Python 3.8+ is supported.

Quick start

import jtoken

data = {
    "user": "alice",
    "age": 30,
    "premium": True,
    "verified": True,
    "is_remote": False,
    "trial": False,
    "score": 9.5,
    "referral": None,
    "last_login": None,
}

text = jtoken.encode(data)
restored = jtoken.decode(text)
assert restored == data

dumps and loads are aliases for encode and decode.

Format overview

JSON example

{"name": "Alice", "age": 30, "active": true, "verified": false, "ref": null}

jtoken example

name: Alice
age: 30
trues: active
falses: verified
nulls: ref

Encoding rules

  • Nested dicts are flattened with dot notation.
  • Boolean true values are collected into a trues: line.
  • Boolean false values are collected into a falses: line.
  • null values are collected into a nulls: line.
  • Ambiguous strings such as "90210" or "true" keep quotes so types survive decode.

Supported scalar types

str, int, float, bool, None, and nested dict.

Current limitations

  • Keys cannot contain . or the separator ": ".
  • Reserved top-level keys: nulls, trues, falses.
  • Lists are not encoded directly by the core codec; they are normalized into nested dicts with numeric keys before encoding.

Normalization and denormalization

Use normalization when the source document is not already a plain JSON object of scalar values.

Supported input dialects:

source Use when
auto Let jtoken detect the input family
json Standard JSON
python JSON-compatible Python values
mongo_extended Extended JSON wrappers such as $oid and $date
mongo_shell Shell literals such as ObjectId(...) and ISODate(...)
elastic_hit Full Elasticsearch hit with _source and fields
elastic_source A document shaped like _source only

Supported output dialects:

target Result
python Python data structures
json Standard JSON text
mongo_extended Extended JSON wrappers restored from context
mongo_shell Shell-style literals restored from context
elastic_hit Elasticsearch hit envelope restored from context
elastic_source _source document only

Sidecar context

Mongo shell types, Elasticsearch envelopes, and list positions are stored in a separate normalization context. Keep that sidecar with the encoded text when you need a lossless decode back into the original dialect.

import jtoken

raw_hit = {...}
normalized, context = jtoken.normalize(raw_hit, source="elastic_hit")
text = jtoken.encode(normalized)
restored = jtoken.denormalize(
    jtoken.decode(text),
    target="elastic_hit",
    context=context,
)

Convenience helpers:

text, context = jtoken.encode_document(raw_hit, source="elastic_hit")
restored = jtoken.decode_document(text, target="elastic_hit", context=context)

CLI

jtoken encode --input-format elastic_hit -f hit.json --context-out hit.ctx.json
jtoken decode --output-format mongo_shell -f hit.jtoken --context-in hit.ctx.json
jtoken stats --input-format json -f document.json
jtoken count --input-format json -f document.json --backend estimate

Common flags:

  • -f/--file: read from a file instead of stdin
  • --input-format: document dialect for encode, stats, and count
  • --output-format: document dialect for decode
  • --context-out / --context-in: normalization sidecar files
  • --model and --backend: token counting options for stats and count

Token measurement

stats = jtoken.token_savings(data)
print(stats)
# jtoken: 22 tokens | json: 36 tokens | saved: 14 (38.9%)

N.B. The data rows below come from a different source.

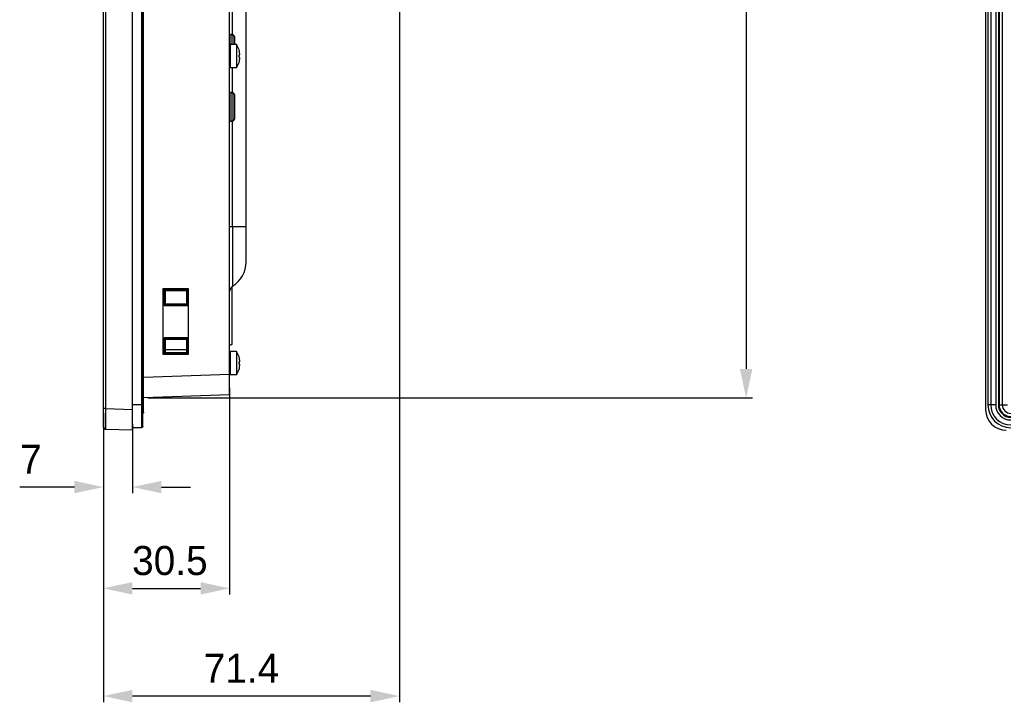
# Model space of a CAD drawing. Header units: millimetres. Extents: x 0 to 1682, y 0 to 1188.
# Tile 19 of 38: x 884 to 1121, y 470 to 635. Entities that reach past the tile are written whole.
import ezdxf

# ---------------------------------------------------------------- set-up
doc = ezdxf.new("R2010")
doc.units = ezdxf.units.MM
doc.header["$LTSCALE"] = 92.51
doc.header["$PDMODE"] = 3
doc.header["$PDSIZE"] = 8
doc.layers.get('0').update_dxf_attribs({"linetype": 'CONTINUOUS'})
doc.layers.get('Defpoints').update_dxf_attribs({"linetype": 'CONTINUOUS'})
for name, color, linetype in [('2D-MDPSC1900WD-DIM', 7, 'CONTINUOUS'), ('FR_USB_CABLE_19_-SHAPE', 7, 'CONTINUOUS'), ('GASKET_TOPRC19_REV03_VIEW-SHAPE', 7, 'CONTINUOUS'), ('HC233237-RC1900WD-제품취출-SHAPE', 7, 'CONTINUOUS'), ('ISO7045-M3X6-4_8-SHAPE', 7, 'CONTINUOUS'), ('REAR_CASE_MDPSC_19W-SHAPE', 7, 'CONTINUOUS'), ('TACT_TS14-1212-70-CUI-SHAPE', 7, 'CONTINUOUS'), ('TACT_TS16-1212-75-BK_SMD_-SHAPE', 7, 'CONTINUOUS')]:
    doc.layers.add(name, color=color, linetype=linetype)
doc.styles.get("Standard").update_dxf_attribs({"font": 'GOTHIC.TTF'})
doc.dimstyles.new('DIMSTYLE_3', dxfattribs={"dimtxt": 7, "dimasz": 7, "dimexe": 1.5, "dimexo": 1, "dimgap": 0.875, "dimtad": 1, "dimdec": 5, "dimdsep": 46, "dimtxsty": 'STANDARD', "dimblk": '_FILLED', "dimblk1": '_FILLED', "dimblk2": '_FILLED', "dimcen": 0.09, "dimadec": 5, "dimazin": 2, "dimtp": 0.3, "dimtm": 0.3, "dimtfac": 1, "dimtdec": 5, "dimtofl": 0, "dimtmove": 0, "dimatfit": 3, "dimldrblk": '_FILLED', "dimfxl": 1, "dimtolj": 1, "dimarcsym": 0})
doc.dimstyles.new('DIMSTYLE_4', dxfattribs={"dimtxt": 7, "dimasz": 7, "dimexe": 1.5, "dimexo": 1, "dimgap": 0.875, "dimtad": 1, "dimdec": 1, "dimdsep": 46, "dimtxsty": 'STANDARD', "dimblk": '_FILLED', "dimblk1": '_FILLED', "dimblk2": '_FILLED', "dimcen": 0.09, "dimadec": 5, "dimazin": 2, "dimtp": 0.5, "dimtm": 0.5, "dimtfac": 1, "dimtdec": 1, "dimtofl": 0, "dimtmove": 0, "dimatfit": 3, "dimldrblk": '_FILLED', "dimfxl": 1, "dimtolj": 1, "dimarcsym": 0})
doc.dimstyles.get("Standard").update_dxf_attribs({"dimtxt": 7, "dimasz": 7, "dimexe": 1.5, "dimexo": 1, "dimtad": 1, "dimdec": 5, "dimdsep": 46, "dimtxsty": 'STANDARD', "dimblk": '_FILLED', "dimblk1": '_FILLED', "dimblk2": '_FILLED', "dimcen": 0.09, "dimadec": 5, "dimazin": 2, "dimtol": 1, "dimtp": 1e-05, "dimtm": 1e-05, "dimtfac": 1, "dimtdec": 5, "dimtofl": 0, "dimtmove": 0, "dimatfit": 3, "dimldrblk": '_FILLED', "dimfxl": 1, "dimtolj": 1, "dimarcsym": 0})

# ---------------------------------------------------------------- blocks, each defined once
blk = doc.blocks.new('_FILLED')
at = {"color": 0, "linetype": 'ByBlock'}
blk.add_solid([(0, 0), (-1, 0.214), (-1, -0.214)], dxfattribs=at)
blk = doc.blocks.new('*D14')
at = {"layer": '2D-MDPSC1900WD-DIM', "color": 0, "linetype": 'Continuous', "lineweight": -2}
for p, q in [((911.08, 537.51), (911.08, 520.82)), ((904.08, 535.74), (904.08, 520.82)), ((897.08, 522.32), (883.89, 522.32)), ((918.08, 522.32), (925.08, 522.32))]:
    blk.add_line(p, q, dxfattribs=at)
at = {"layer": 'Defpoints', "color": 0, "linetype": 'Continuous'}
for p in [(911.08, 538.51), (904.08, 536.74), (911.08, 522.32)]:
    blk.add_point(p, dxfattribs=at)
at = {"layer": '2D-MDPSC1900WD-DIM', "color": 0, "linetype": 'Continuous', "lineweight": -2, "xscale": 7, "yscale": 7, "zscale": 7}
blk.add_blockref('_FILLED', (904.08, 522.32), dxfattribs=at)
at = {"layer": '2D-MDPSC1900WD-DIM', "color": 0, "linetype": 'Continuous', "lineweight": -2, "xscale": 7, "yscale": 7, "zscale": 7, "rotation": 180}
blk.add_blockref('_FILLED', (911.08, 522.32), dxfattribs=at)
at = {"layer": '2D-MDPSC1900WD-DIM', "color": 0, "linetype": 'Continuous', "insert": (889.2, 532.53), "char_height": 7, "attachment_point": 3, "line_spacing_factor": 0.9}
blk.add_mtext('\\A1;7', dxfattribs=at)
blk = doc.blocks.new('*D15')
at = {"layer": '2D-MDPSC1900WD-DIM', "color": 0, "linetype": 'Continuous', "lineweight": -2}
for p, q in [((934.53, 546.21), (934.53, 496.4)), ((904.08, 535.74), (904.08, 496.4)), ((911.08, 497.9), (927.53, 497.9))]:
    blk.add_line(p, q, dxfattribs=at)
at = {"layer": 'Defpoints', "color": 0, "linetype": 'Continuous'}
for p in [(934.53, 547.21), (904.08, 536.74), (934.53, 497.9)]:
    blk.add_point(p, dxfattribs=at)
at = {"layer": '2D-MDPSC1900WD-DIM', "color": 0, "linetype": 'Continuous', "lineweight": -2, "xscale": 7, "yscale": 7, "zscale": 7, "rotation": 180}
blk.add_blockref('_FILLED', (904.08, 497.9), dxfattribs=at)
at = {"layer": '2D-MDPSC1900WD-DIM', "color": 0, "linetype": 'Continuous', "lineweight": -2, "xscale": 7, "yscale": 7, "zscale": 7}
blk.add_blockref('_FILLED', (934.53, 497.9), dxfattribs=at)
at = {"layer": '2D-MDPSC1900WD-DIM', "color": 0, "linetype": 'Continuous', "insert": (920.11, 508.11), "char_height": 7, "attachment_point": 2, "line_spacing_factor": 0.9}
blk.add_mtext('\\A1;30.5', dxfattribs=at)
blk = doc.blocks.new('*D16')
at = {"layer": '2D-MDPSC1900WD-DIM', "color": 0, "linetype": 'Continuous', "lineweight": -2}
for p, q in [((975.5, 700.48), (975.5, 470.42)), ((904.08, 540.23), (904.08, 470.42)), ((968.5, 471.92), (911.08, 471.92))]:
    blk.add_line(p, q, dxfattribs=at)
at = {"layer": 'Defpoints', "color": 0, "linetype": 'Continuous'}
for p in [(975.5, 701.48), (904.08, 541.23), (904.08, 471.92)]:
    blk.add_point(p, dxfattribs=at)
at = {"layer": '2D-MDPSC1900WD-DIM', "color": 0, "linetype": 'Continuous', "lineweight": -2, "xscale": 7, "yscale": 7, "zscale": 7, "rotation": 180}
blk.add_blockref('_FILLED', (904.08, 471.92), dxfattribs=at)
at = {"layer": '2D-MDPSC1900WD-DIM', "color": 0, "linetype": 'Continuous', "lineweight": -2, "xscale": 7, "yscale": 7, "zscale": 7}
blk.add_blockref('_FILLED', (975.5, 471.92), dxfattribs=at)
at = {"layer": '2D-MDPSC1900WD-DIM', "color": 0, "linetype": 'Continuous', "insert": (937.38, 482.13), "char_height": 7, "attachment_point": 2, "line_spacing_factor": 0.9}
blk.add_mtext('\\A1;71.4', dxfattribs=at)
blk = doc.blocks.new('*D25')
at = {"color": 2, "lineweight": -2}
for p, q in [((914.78, 856.61), (1060.61, 856.61)), ((1059.11, 849.61), (1059.11, 550.8)), ((914.78, 543.8), (1060.61, 543.8))]:
    blk.add_line(p, q, dxfattribs=at)
at = {"layer": 'Defpoints', "color": 0}
for p in [(913.78, 856.61), (913.78, 543.8), (1059.11, 543.8)]:
    blk.add_point(p, dxfattribs=at)
at = {"color": 2, "lineweight": -2, "xscale": 7, "yscale": 7, "zscale": 7}
for p, rotation in [((1059.11, 856.61), 90), ((1059.11, 543.8), 270)]:
    blk.add_blockref('_FILLED', p, dxfattribs=dict(at, rotation=rotation))
at = {"color": 2, "insert": (1054.28, 700.21), "char_height": 8, "attachment_point": 5, "rotation": 90}
blk.add_mtext('\\A1;312.8', dxfattribs=at)

msp = doc.modelspace()

# ---------------------------------------------------------------- linework, layer by layer
at = {"layer": 'FR_USB_CABLE_19_-SHAPE', "color": 7, "linetype": 'Continuous'}
msp.add_line((935.043341, 570.581459), (935.043341, 556.708106), dxfattribs=at)
msp.add_open_spline([(935.043341, 556.708106), (935.043341, 556.647582), (934.809169, 556.556612), (934.652081, 556.537676), (934.525491, 556.527275)], degree=3, knots=[0, 0, 0, 0, 0.3227235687, 1, 1, 1, 1], dxfattribs=at)
at = {"layer": 'GASKET_TOPRC19_REV03_VIEW-SHAPE', "color": 7, "linetype": 'Continuous'}
for p, q in [((913.27547, 863.791808), (913.27547, 536.62463)), ((913.609059, 536.958219), (913.609059, 863.458219)), ((913.611667, 860.325521), (913.611667, 540.090917)), ((913.775185, 540.358219), (913.775185, 860.058219)), ((1117.433041, 858.258219), (1117.433041, 542.158219)), ((1118.100219, 858.258219), (1118.100219, 542.158219)), ((1119.300219, 858.258219), (1119.300219, 542.158219)), ((1119.943083, 858.258219), (1119.943083, 542.158219)), ((1120.121285, 858.258219), (1120.121285, 542.158219)), ((1120.899328, 858.258219), (1120.899328, 542.158219)), ((913.609059, 542.158219), (911.07547, 542.158219)), ((913.775185, 542.158219), (913.611667, 542.158219)), ((1119.300219, 542.158219), (1117.433041, 542.158219)), ((1119.943083, 542.158219), (1122.186366, 542.158219)), ((913.27547, 536.62463), (911.07547, 536.62463))]:
    msp.add_line(p, q, dxfattribs=at)
for radius in [5.533589, 4.866411, 3.666411, 3.023546, 2.845345, 2.067302]:
    msp.add_arc((1122.96663, 542.158219), radius, 180, 270, dxfattribs=at)
msp.add_open_spline([(913.775185, 540.358219), (913.775185, 540.303994), (913.744699, 540.193289), (913.660052, 540.11557), (913.611667, 540.090917)], degree=3, knots=[0, 0, 0, 0, 0.4996368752, 1, 1, 1, 1], dxfattribs=at)
msp.add_open_spline([(913.609059, 536.958219), (913.609059, 536.873113), (913.537888, 536.6958), (913.360576, 536.62463), (913.27547, 536.62463)], degree=3, dxfattribs=at)
at = {"layer": 'HC233237-RC1900WD-제품취출-SHAPE', "color": 7, "linetype": 'Continuous'}
for p, q in [((904.07547, 536.735508), (904.07547, 863.680929)), ((911.07547, 536.008219), (911.07547, 864.408219)), ((904.55802, 859.18367), (904.55802, 541.232767)), ((1116.86663, 859.411265), (1116.86663, 541.005173)), ((934.52547, 544.527111), (934.52547, 855.889327)), ((918.532473, 570.160505), (924.496688, 570.160505)), ((918.532473, 554.255932), (918.532473, 570.160505)), ((924.42858, 570.001277), (918.742463, 570.001277)), ((918.742463, 570.001277), (918.991115, 569.752928)), ((918.742463, 570.001277), (918.742463, 566.115161)), ((924.42858, 570.001277), (924.169699, 569.74208)), ((924.42858, 566.115161), (924.42858, 570.001277)), ((924.496688, 570.160505), (924.496688, 554.255932)), ((918.980279, 569.753293), (918.980279, 566.363144)), ((924.170064, 569.752928), (918.980645, 569.752928)), ((919.047843, 569.685812), (924.110428, 569.69322)), ((919.047843, 566.430626), (919.047843, 569.685812)), ((924.110428, 569.69322), (924.170064, 569.752928)), ((924.110428, 569.69322), (924.110428, 566.423218)), ((924.169699, 566.363875), (924.169699, 569.752562)), ((918.742463, 566.115161), (918.980279, 566.352687)), ((918.742463, 566.115161), (924.42858, 566.115161)), ((918.980645, 566.363509), (924.170064, 566.363509)), ((924.110428, 566.423218), (919.047843, 566.430626)), ((924.110428, 566.423218), (924.169699, 566.363875)), ((924.42858, 566.115161), (924.180534, 566.363509)), ((924.42858, 558.301277), (918.742463, 558.301277)), ((918.742463, 558.301277), (918.991115, 558.052928)), ((918.742463, 558.301277), (918.742463, 554.415161)), ((924.42858, 558.301277), (924.169699, 558.04208)), ((924.42858, 554.415161), (924.42858, 558.301277)), ((919.047843, 557.985812), (918.980279, 558.053293)), ((918.980279, 558.053293), (918.980279, 554.663144)), ((924.170064, 558.052928), (918.980645, 558.052928)), ((919.047843, 557.985812), (924.110428, 557.99322)), ((919.047843, 554.730626), (919.047843, 557.985812)), ((924.110428, 557.99322), (924.110428, 554.723218)), ((924.169699, 554.663875), (924.169699, 558.052562)), ((924.496688, 554.255932), (918.532473, 554.255932)), ((918.742463, 554.415161), (918.980279, 554.652687)), ((918.742463, 554.415161), (924.42858, 554.415161)), ((919.047843, 554.730626), (918.980645, 554.663509)), ((918.980645, 554.663509), (924.170064, 554.663509)), ((924.110428, 554.723218), (919.047843, 554.730626)), ((924.110428, 554.723218), (924.169699, 554.663875)), ((924.42858, 554.415161), (924.180534, 554.663509)), ((913.775185, 548.799449), (934.52547, 549.524065)), ((934.52547, 544.527111), (913.775185, 543.802495)), ((904.55802, 541.232767), (904.07547, 541.232767)), ((904.55802, 541.232767), (904.555426, 540.450771)), ((904.55802, 541.232767), (911.07547, 541.005173)), ((904.55802, 536.235813), (904.07547, 536.735508)), ((911.07547, 536.008219), (904.55802, 536.235813))]:
    msp.add_line(p, q, dxfattribs=at)
for centre, major_axis, ratio, start_param, end_param in [((850.480881, 552.208219), (405.150251, 0), 0.0079983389, 1.3880468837, 1.4007394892), ((1121.869677, 541.011266), (3.539843, 3.539843), 0.998782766, -3.9263818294, -2.3568034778)]:
    msp.add_ellipse(centre, major_axis=major_axis, ratio=ratio, start_param=start_param, end_param=end_param, dxfattribs=at)
for points, knots in [([(904.555426, 540.450771), (904.555043, 540.322434), (904.553645, 539.826766), (904.552522, 539.331097), (904.551878, 538.963765)], [0, 0, 0, 0, 0.2589169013, 1, 1, 1, 1]), ([(904.550635, 537.699438), (904.550635, 537.492249), (904.550483, 537.200708), (904.552021, 536.840426), (904.551307, 536.62978), (904.556246, 536.469577), (904.548321, 536.340696), (904.565573, 536.286915), (904.54994, 536.236095), (904.55802, 536.235813)], [0, 0, 0, 0, 0.4246512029, 0.5968133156, 0.7400578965, 0.8529303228, 0.9342471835, 0.983429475, 1, 1, 1, 1]), ([(904.551878, 538.963765), (904.551678, 538.849695), (904.55101, 538.428253), (904.550635, 538.006811), (904.550635, 537.699438)], [0, 0, 0, 0, 0.2706658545, 1, 1, 1, 1])]:
    msp.add_open_spline(points, degree=3, knots=knots, dxfattribs=at)
at = {"layer": 'ISO7045-M3X6-4_8-SHAPE', "color": 7, "linetype": 'Continuous'}
for p, q in [((936.176941, 629.008219), (934.62547, 629.008219)), ((934.62547, 629.008219), (934.62547, 623.408219)), ((936.176941, 629.008219), (936.176941, 623.408219)), ((936.79473, 627.708219), (936.804174, 627.708219)), ((936.79473, 626.508219), (937.016446, 626.508219)), ((937.016446, 625.908219), (936.79473, 625.908219)), ((936.804174, 624.708219), (936.79473, 624.708219)), ((936.176941, 623.408219), (934.62547, 623.408219)), ((936.176941, 555.008219), (934.62547, 555.008219)), ((934.62547, 555.008219), (934.62547, 549.408219)), ((936.176941, 555.008219), (936.176941, 549.408219)), ((936.79473, 553.708219), (936.804174, 553.708219)), ((936.79473, 552.508219), (937.016446, 552.508219)), ((937.016446, 551.908219), (936.79473, 551.908219)), ((936.176941, 549.408219), (934.62547, 549.408219)), ((936.804174, 550.708219), (936.79473, 550.708219))]:
    msp.add_line(p, q, dxfattribs=at)
for centre, radius, start, end in [((932.034478, 626.208219), 5, 17.45760312, 34.05579774), ((932.034478, 626.208219), 4.990992, 3.44602869, 17.4901275), ((932.034478, 626.208219), 5, 325.94420226, 342.54239688), ((932.034478, 626.208219), 4.769696, 356.39388186, 3.60611814), ((932.034478, 626.208219), 4.990992, 342.5098725, 356.55397131), ((932.034478, 552.208219), 5, 17.45760312, 34.05579774), ((932.034478, 552.208219), 4.990992, 3.44602869, 17.4901275), ((932.034478, 552.208219), 4.769696, 356.39388186, 3.60611814), ((932.034478, 552.208219), 4.990992, 342.5098725, 356.55397131), ((932.034478, 552.208219), 5, 325.94420226, 342.54239688)]:
    msp.add_arc(centre, radius, start, end, dxfattribs=at)
at = {"layer": 'REAR_CASE_MDPSC_19W-SHAPE', "color": 7, "linetype": 'Continuous'}
for p, q in [((938.52547, 576.660672), (938.52547, 819.755766)), ((935.231356, 631.384166), (935.231356, 638.632271)), ((935.231357, 617.384166), (935.231357, 623.408219)), ((935.231357, 585.06908), (935.231357, 610.632271)), ((935.231357, 585.068916), (934.52547, 585.068915)), ((938.52547, 585.06908), (935.231357, 585.06908)), ((935.23136, 585.068916), (935.231363, 570.722441))]:
    msp.add_line(p, q, dxfattribs=at)
for points in [[(935.23136, 585.068916), (935.231409, 583.03846), (935.231367, 581.099173), (935.231436, 579.296955)], [(935.231436, 579.296955), (935.231236, 576.038141), (935.231393, 574.63581)], [(935.231367, 572.48316), (935.231575, 571.754353), (935.231349, 571.211007)]]:
    msp.add_lwpolyline(points, dxfattribs=at)
for centre, radius, start, end in [((931.52547, 576.660672), 7, 301.96652958, 0.0013014), ((936.02547, 569.449569), 1.5, 121.96193488, 180)]:
    msp.add_arc(centre, radius, start, end, dxfattribs=at)
at = {"layer": 'TACT_TS14-1212-70-CUI-SHAPE', "color": 7, "linetype": 'Continuous'}
for p, q in [((934.52547, 631.508219), (934.77547, 631.508219)), ((934.77547, 631.508219), (934.77547, 629.008219)), ((934.52547, 624.508219), (934.62547, 624.508219)), ((934.52547, 617.508219), (934.77547, 617.508219)), ((934.77547, 617.508219), (934.77547, 610.508219)), ((934.52547, 610.508219), (934.77547, 610.508219))]:
    msp.add_line(p, q, dxfattribs=at)
for centre, start, end in [((934.77547, 631.108219), 44.42240133, 90), ((934.77547, 617.108219), 44.42240093, 90), ((934.77547, 610.908219), 270, 315.57759907)]:
    msp.add_arc(centre, 0.4, start, end, dxfattribs=at)
at = {"layer": 'TACT_TS16-1212-75-BK_SMD_-SHAPE', "color": 7, "linetype": 'Continuous'}
for p, q in [((935.06097, 631.388032), (935.282451, 631.384166)), ((935.282451, 631.384166), (935.282451, 629.008219)), ((935.67547, 630.984227), (935.67547, 629.008219)), ((935.06097, 617.388032), (935.282451, 617.384166)), ((935.282451, 617.384166), (935.282451, 610.632271)), ((935.67547, 616.984227), (935.67547, 611.032211)), ((935.06097, 610.628406), (935.282451, 610.632271))]:
    msp.add_line(p, q, dxfattribs=at)
for centre, start, end in [((935.27547, 630.984227), 0, 89), ((935.27547, 616.984227), 0, 89), ((935.27547, 611.032211), 271, 0)]:
    msp.add_arc(centre, 0.4, start, end, dxfattribs=at)

# ---------------------------------------------------------------- dimensions: what is measured, and where the dimension line sits
dim = msp.add_linear_dim(base=(1059.110761, 543.802495), p1=(913.775185, 856.613943), p2=(913.775185, 543.802495), angle=90, dimstyle='STANDARD', override={"dimtxt": 8, "dimtoh": 1, "dimdec": 1, "dimzin": 0, "dimcen": 15.138, "dimclrd": 2, "dimclre": 2, "dimclrt": 2, "dimadec": 0, "dimazin": 0, "dimtol": 0, "dimtp": 1, "dimtm": 0, "dimtdec": 1, "dimtmove": 1, "dimtzin": 12})
dim.commit()
dim.dimension.update_dxf_attribs({"geometry": '*D25', "text_midpoint": (1054.284538, 700.208219)})
at = {"layer": '2D-MDPSC1900WD-DIM', "color": 2, "linetype": 'Continuous'}
dim = msp.add_linear_dim(base=(904.07547, 471.92209), p1=(975.501096, 701.481415), p2=(904.07547, 541.232767), angle=180, dimstyle='DIMSTYLE_4', dxfattribs=at)
dim.commit()
dim.dimension.update_dxf_attribs({"geometry": '*D16', "text_midpoint": (937.382779, 471.92209), "dimtype": 160})
for base, p1, p2, dimstyle, picture, middle in [((934.5254699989, 497.9049306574), (904.0754699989, 536.7355084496), (934.5254699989, 547.2082186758), 'DIMSTYLE_4', '*D15', (920.10604135, 497.9049306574)), ((911.07547, 522.321922), (904.07547, 536.735508), (911.07547, 538.509743), 'DIMSTYLE_3', '*D14', (886.980552, 522.321922))]:
    dim = msp.add_linear_dim(base=base, p1=p1, p2=p2, dimstyle=dimstyle, dxfattribs=at)
    dim.commit()
    dim.dimension.update_dxf_attribs({"geometry": picture, "text_midpoint": middle, "dimtype": 160})

doc.saveas('drawing.dxf')

count = jtoken.count_tokens(data, backend="estimate")

Backends:

backend behavior
auto use tiktoken when installed, otherwise estimate
tiktoken require tiktoken
estimate use a simple character heuristic

Install accurate counting with:

pip install "jtoken[tiktoken]"

API surface

Core codec:

  • encode(data: dict) -> str
  • decode(text: str) -> dict

Normalization:

  • parse_input(text, *, source="auto")
  • normalize(data, *, source="auto", context=None)
  • denormalize(data, *, target="python", context)
  • render_output(value, *, target="python")
  • encode_document(raw, *, source="auto", context=None)
  • decode_document(text, *, target="python", context)

Token helpers:

  • count_tokens(data, *, model="cl100k_base", backend="auto")
  • token_savings(data, *, model="cl100k_base", backend="auto")

Exceptions

JPackError
├── JPackEncodeError
├── JPackDecodeError
├── NormalizationError
├── DenormalizationError
└── TokenCountError

Links

License

MIT

Project details


Download files

Download the file for your platform. If you're not sure which to choose, learn more about installing packages.

Source Distribution

jtoken-0.2.0.tar.gz (19.7 kB view details)

Uploaded Source

Built Distribution

If you're not sure about the file name format, learn more about wheel file names.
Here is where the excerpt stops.